### Description of the task
For this item, repeat the material exactly while omitting its pictures.

### Source material
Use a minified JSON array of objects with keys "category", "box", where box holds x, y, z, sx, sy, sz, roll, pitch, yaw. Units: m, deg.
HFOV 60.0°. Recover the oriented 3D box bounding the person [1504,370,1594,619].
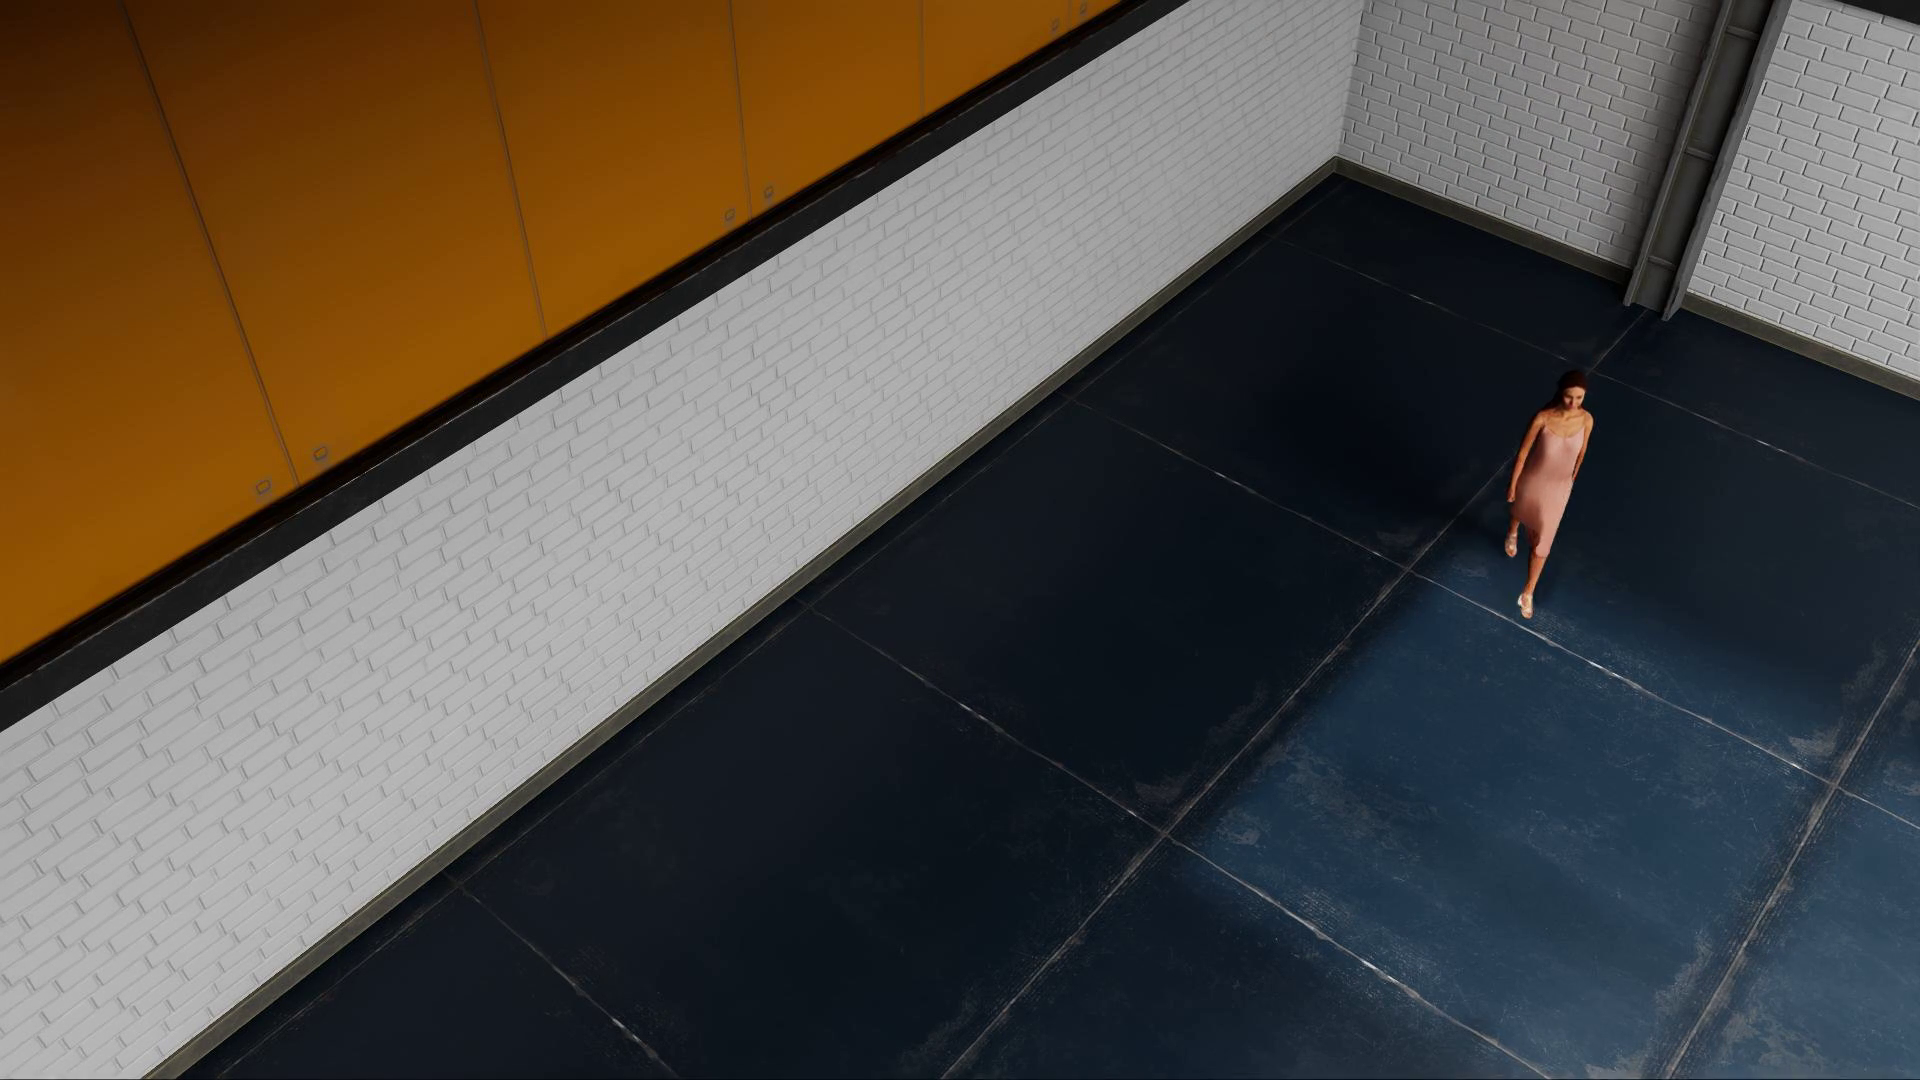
[{"category":"person","box":[3.902,-0.436,11.184,1.145,1.779,1.060,6,44,7]}]

### Your response
Use a minified JSON array of objects with keys "category", "box", where box holds x, y, z, sx, sy, sz, roll, pitch, yaw. Units: m, deg.
HFOV 60.0°. Recover the oriented 3D box bounding the person [1504,370,1594,619].
[{"category":"person","box":[3.902,-0.436,11.184,1.145,1.779,1.060,6,44,7]}]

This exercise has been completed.